The challenge then is, do we know God’s word well enough to live out the story that began thousands of years ago?

6 thoughts on “Why is Scripture a Story?

  1. calebtrimble 03/04/2014 / 3:59 pm

    I really like the idea of living out the story rather than the rules. It has always been interesting to me that God instructed the Israelites to tell His stories to their children. God’s commands were not separate from the stories. Good words.

    • Peter S. 03/06/2014 / 9:10 am

      I think the idea of retelling stories has been greatly missed in scripture. Throughout the early books of the Bible God commands people to retell the stories of deliverance. I even think that communion serves the same sort of function. We stop on a regular basis and retell the story of Christ’s sacrifice, resurrection, and return. Even to share the Gospel is to share the story of Jesus. We forget that the most important parts of our faith are found in story and not in the sections of rules. It’s like the rules are the commentary on the story not the other way around.

  2. jesseevans 03/13/2014 / 9:26 pm

    Rules are fundamental to understanding the story. Even in the garden there was one rule. Don’t Eat of that tree. Everything else was permissible and good. But your right, the bible is way more than do’s and don’ts. The story also makes more since with rules. Just like nature makes since with natural laws.

    • Peter S. 03/14/2014 / 10:14 am

      Yes, the story comes with rules, but many see only the rules without the story. The story is crucial. Especially, since the Gospel doesn’t come to us in rules, it comes in the Story of Jesus Christ. I am certainly not advocating for removing the rules. Jesus himself gives us the “new commandment” in John 13:34-35 to love one another as he loved us. Obedience to this commandment even marks us as his disciples.

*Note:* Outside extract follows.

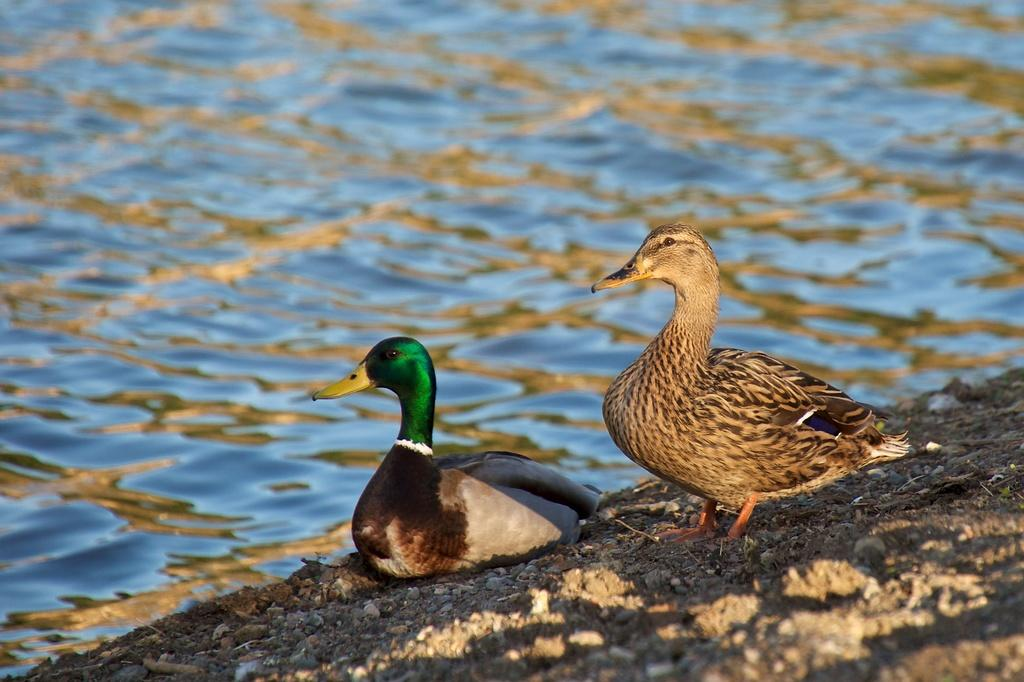How many birds are present in the image? There are two birds in the image. Where are the birds located in the image? The birds are on the ground. What can be seen in the background of the image? There is water visible in the background of the image. What type of plastic material can be seen in the image? There is no plastic material present in the image. Is there a harbor visible in the image? There is no harbor present in the image. Are the birds in the image being held in a jail? There is no indication in the image that the birds are being held in a jail. 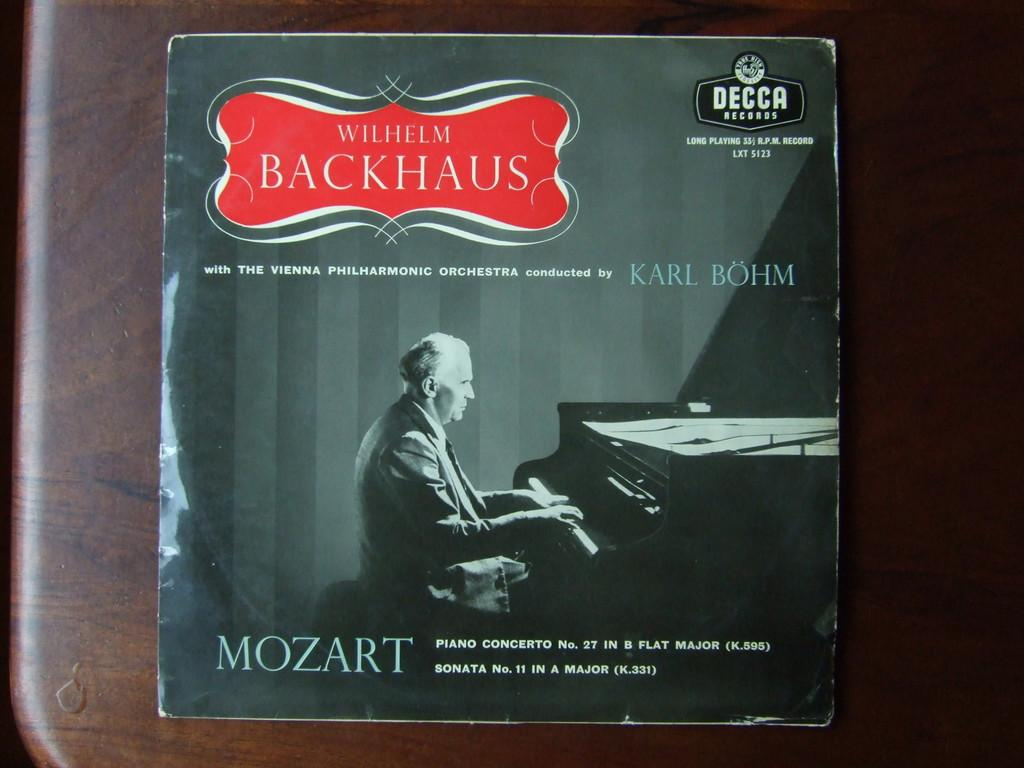<image>
Summarize the visual content of the image. A Mozart album with Wilhelm Backhaus sits on a table.

Thank you for your comment, I would never say that the Bible is without commands and directives.

      • jesseevans 03/14/2014 / 4:31 pm

        I didn’t mean to imply that you would not understand that. Any one with a decent grasp knows that “rules” are all over. Because it is clear, God has something to say about how to life life in a way that brings life. Rules when set in their context come from a God who has revealed himself to have an outside perspective of a system he created. He knows what brings life and what tears down life. His rules work, which reveals that his “rules” are wonderful. David wrote about how wonderful they were. And Jesus also gave “rules” in his sermon on the mount. Rules remind us that God knows what is good and what is not, we know what is good and bad (the wrong tree) but we have a limited perspective. God would not be good with out some help as to what we should and should not be doing.

      • Peter S. 03/16/2014 / 7:40 am

        I’m sorry, Jess. I wasn’t trying to disagree or debate you. I appreciated your comment and I was trying to agree with you that we shouldn’t forget the rules when looking at the whole story.